Portée du règlement départemental d’aide sociale

Publié le 05/08/2019

Le règlement départemental d’aide sociale ne peut modifier les conditions ou le montant des prestations régies par la loi que dans un sens plus favorable à l’allocataire.

CE, 29 mai 2019, no 417406, ECLI:FR:CECHR:2019:417406.20190529

CE, 29 mai 2019, no 417467, ECLI:FR:CECHR:2019:417467.20190529

L’article L. 121-3 du Code de l’action sociale et des familles (CASF) dispose que « dans les conditions définies par la législation et la réglementation sociales, le conseil départemental adopte un règlement départemental d’aide sociale définissant les règles selon lesquelles sont accordées les prestations d’aide sociale relevant du département ». Ce règlement, s’il peut définir librement les conditions d’ouverture et le montant des prestations spécifiques qu’il a créés, il a également la possibilité de modifier les conditions et le montant des prestations légales si ces modifications vont dans un sens plus favorable aux allocataires1. C’est ainsi que constituent des améliorations l’extension de la prestation légale d’aide sociale de services ménagers aux personnes handicapées dont les ressources sont supérieures au plafond prévu par les textes2 ou, encore, la majoration des sommes minimum laissées à la disposition des personnes handicapées placées en établissement3. En revanche, n’est pas constitutive d’une mesure plus favorable la prescription du règlement départemental limitant aux seuls « frais spécifiques » et « indemnités de sujétions particulières » la prise en charge par l’allocation personnalisée d’autonomie des dépenses liées à la dépendance instituant, ainsi, un régime moins favorable que celui prévu par l’article R. 232-8 du Code de l’action sociale et des familles4. En ce qui a trait au financement des améliorations apportées aux montants ou aux conditions des prestations légales, c’est au département de l’assurer5. Par ailleurs, elles profitent à l’ensemble des bénéficiaires qui résident dans le département et cela qu’ils y aient ou pas leur domicile de secours afin d’éviter une discrimination entre eux6. La question qui se pose en présence d’un règlement départemental d’aide social est de déterminer si ses stipulations concernent une prestation régie par la loi et, dans l’affirmative, si ces stipulations sont plus favorables que les dispositions légales en la matière.

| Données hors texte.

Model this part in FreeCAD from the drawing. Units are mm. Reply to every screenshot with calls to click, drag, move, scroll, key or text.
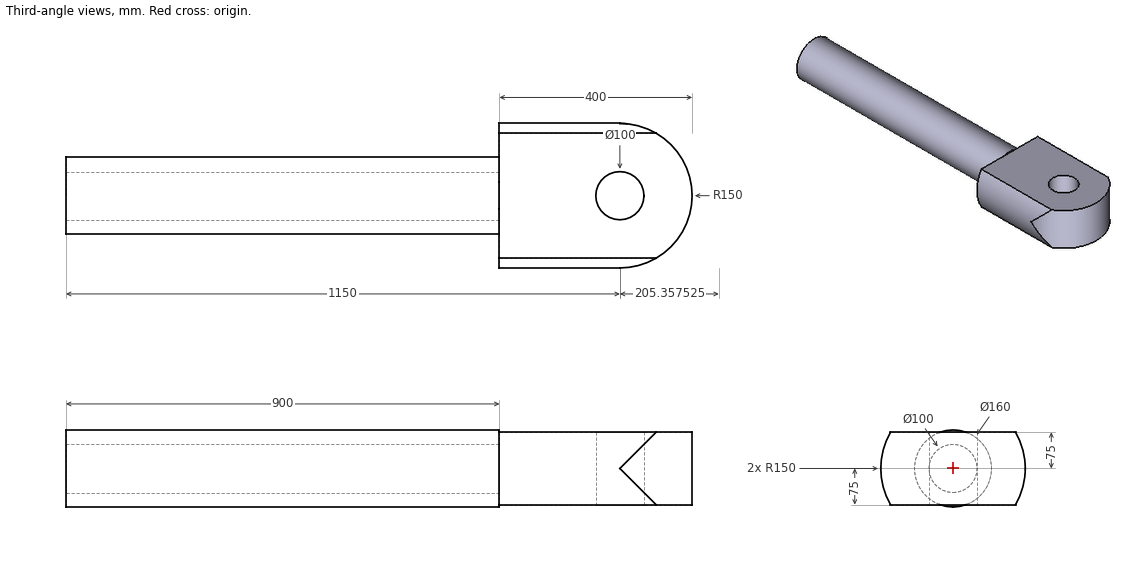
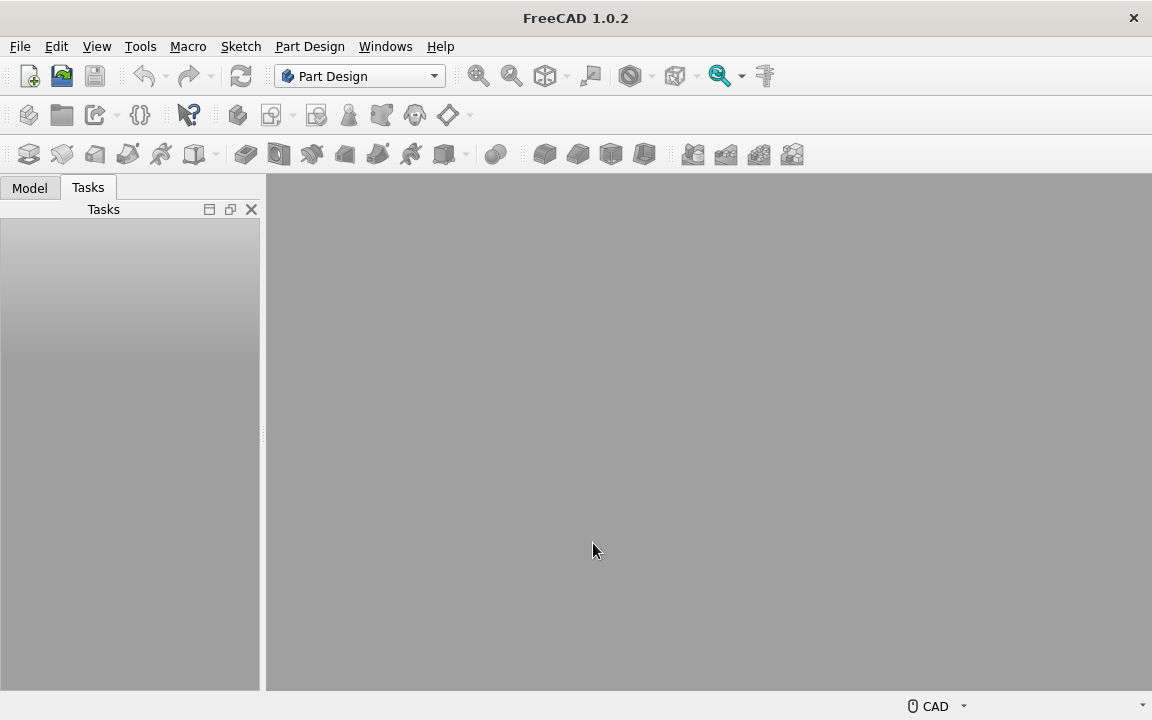
key(ctrl+n)

C’est à cette question qu’ont trait deux décisions du Conseil d’État du 29 mai 20197.

Dans la première espèce (n° 417406), un jeune ressortissant pakistanais, bénéficiaire du service de l’aide sociale à l’enfance (ASE) pendant les quelques mois précédant l’arrivée de sa majorité, conteste une décision du président du conseil départemental lui refusant une poursuite de sa prise en charge par ce service dans le cadre du dispositif « contrat jeune majeur ». Ce refus est fondé sur une disposition du règlement départemental suivant laquelle la mise en œuvre de ce dispositif nécessite que le requérant ait bénéficié d’une prise en charge par l’ASE pendant un an au moins pendant sa minorité. Cependant, l’attribution de la prestation demandée est soumise par la loi à une évaluation de la situation du demandeur8. Dans ces conditions, si le règlement départemental peut parfaitement prévoir un critère de cette évaluation, cela n’autorise pas pour autant le président du conseil départemental à refuser l’attribution de la prestation sur la base de ce seul critère sans procéder à l’évaluation de la situation du requérant.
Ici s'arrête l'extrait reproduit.